8-12% lifetime risk, 2/3 before age 30. Caused by obstruction of appendix lumen usually by fecalith (MCC, found in 11-52% on pathology)
Classic: Anorexia with nonspecific abdominal symptoms. Periumbilical pain develops later with nausea w/wo emesis. Pain migrates to RLQ. 1/3 will have atypical symptoms.
McBurney’s point: 1/3 distance on a line traced superomedially from anterior superior iliac spine to umbilicus. Rovsing sign: palpation of LLQ worsens RLQ pain. Psoas sign: extension of R leg at the hip while pt lying on left side. Obturator sign: pain with internal and external rotation of the thigh at the hip. Adler’s sign: to differentiate appendicitis from tuboovarian pathology in RLQ: find point of maximal tenderness in supine position, then have pt roll onto left side and if pain shifts toward center, its tubo-ovarian.
LR: RLQ pain 7.3-8.4, rigidity 3.76, migration 3.18, pain before vomiting 2.76, psoas sign 2.38, fever 1.94. (Wagner, 1996)
Hyperbilirubemia on labs has higher chance of perforation when in the setting of appendicitis (Estrada, 2007).

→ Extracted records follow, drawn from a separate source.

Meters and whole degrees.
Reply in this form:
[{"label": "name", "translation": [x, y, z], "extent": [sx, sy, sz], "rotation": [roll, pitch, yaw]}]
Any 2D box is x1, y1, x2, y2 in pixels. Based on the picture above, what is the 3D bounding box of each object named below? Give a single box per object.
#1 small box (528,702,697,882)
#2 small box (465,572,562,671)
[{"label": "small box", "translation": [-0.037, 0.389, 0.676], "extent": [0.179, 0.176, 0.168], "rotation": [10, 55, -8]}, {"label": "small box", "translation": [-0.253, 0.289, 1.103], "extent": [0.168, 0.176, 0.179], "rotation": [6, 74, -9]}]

UA can have blood or pyuria in it due to close proximity, though > 30 RBCs or > 20 WBCs more likely true urinary (Paulson, 2003)
Ultrasound (83-96% in experts hand): preferred initially in children and pregnant women. Looking for thickened, non compressible appendix > 6mm in diameter.

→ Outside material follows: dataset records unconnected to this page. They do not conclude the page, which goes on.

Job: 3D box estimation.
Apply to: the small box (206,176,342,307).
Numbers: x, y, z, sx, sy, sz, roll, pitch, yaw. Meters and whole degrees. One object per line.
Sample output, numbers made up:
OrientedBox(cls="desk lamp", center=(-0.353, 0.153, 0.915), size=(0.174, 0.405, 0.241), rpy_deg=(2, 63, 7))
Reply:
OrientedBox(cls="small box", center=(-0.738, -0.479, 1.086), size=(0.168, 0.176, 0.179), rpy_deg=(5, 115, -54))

CT: IV may not be needed. One study with unenhanced CT was 95% sens and 100% spec. A systemic review showed 93% sensitivity. If CT equivocal, 30% still have true appendicitis (Daly, 2005). ACR Appropriateness recommendations leave it up to institutional preference, though give CT without contrast a 7 rating.

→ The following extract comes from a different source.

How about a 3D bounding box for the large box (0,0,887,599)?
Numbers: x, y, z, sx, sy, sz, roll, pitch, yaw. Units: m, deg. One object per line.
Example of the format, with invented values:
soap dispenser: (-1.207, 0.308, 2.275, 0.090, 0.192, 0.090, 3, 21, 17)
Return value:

Using Samuel’s Pediatric Score (PAS), one study placed children into low, moderate, or high risk. If low, they were discharge with f/u (no appys found). In high risk, all had appy in OR. Moderate risk were either admitted with most have ultrasound. 33 of 119 had positive US, positive OR. 5 with negative US were found later to have appy. Only 13 of the 196 kids had CT scans. (Saucier, 2014). PAS points: Anorexia, Nausea or Vomiting, Migration of pain, Fever > 100.5, Pain with cough, percussion, or hopping (2 points), RLQ tenderness (2 points), WBC > 10, Neutrophils > 75%.
Alvarado Score: 10 point scale; modified to take out left shift now. One ED study looking at score < 4 can rule out? 29% still had appendicitis. 50% spec, 70% sens (Meltzer, 2013). Alvarado points: Migratory right iliac fossa pain, Anorexia, Nausea/Vomiting, Fever > 99.5, Tenderness in right iliac fossa (2 points), rebound tenderness in right iliac fossa, leukocytosis (2 points).
Same rate of appendicitis as general population.
Do ultrasound first; if equivocal, get surgeon involved for MRI vs CT vs diagnostic lap. Fetal loss at lap appy 6%, WORSE than open appy; though fetal loss greatest in complex/perforated appy. Fetal loss same for simple appendicitis as the ‘negative’ appy group. (Walsh, 2007). Tetrogenic exposure threshold: 5 rads (<1% risk). CT appy protocol in first trimester 2.4 rads vs 3 rads in second/third. Still 99% chance nothing will happen with the fetus.
Can consider MRI without gadolinium (crosses placenta) in first trimester pregnancy.
Call surgeon, make NPO, start antibiotics.
IV antibiotics: Uncomplicated: Unasyn 3g or Cefoxitin 2g or Ertapenem 1g or Moxifloxacin 500mg + Cefuroxime 1.5g/Cefazolin 1g/Cipro 400mg/Levofloxacin 750mg. Complicated: Imipenem 500mg or Meropenem 1g or Doripenem 500mg or Moxifloxacin or Zosyn or Metro 500mg + Aztreonam 2g/Cefepime 2g/Cipro 400mg/Levofloxacin 750mg.
Non-surgical tx: 5 non-US trials: about 70% did not need surgery up to 1 year. 46% reduction in complications. Limitations: small size, no CT done, varied criteria for ‘rescue’ surgery. (Ericksson, 1995) (Styrud, 2006) (Hansson, 2009) (Malik, 2009) (Vons, 2011).
Vons, 2011: 239 pts diagnosed by CT. Augmentin vs surgery. Rate of peritonitis at 30d: Surgery 2% vs Augmentin 8%. In abx group, 12% had surgery within 30d & another 22% within a year.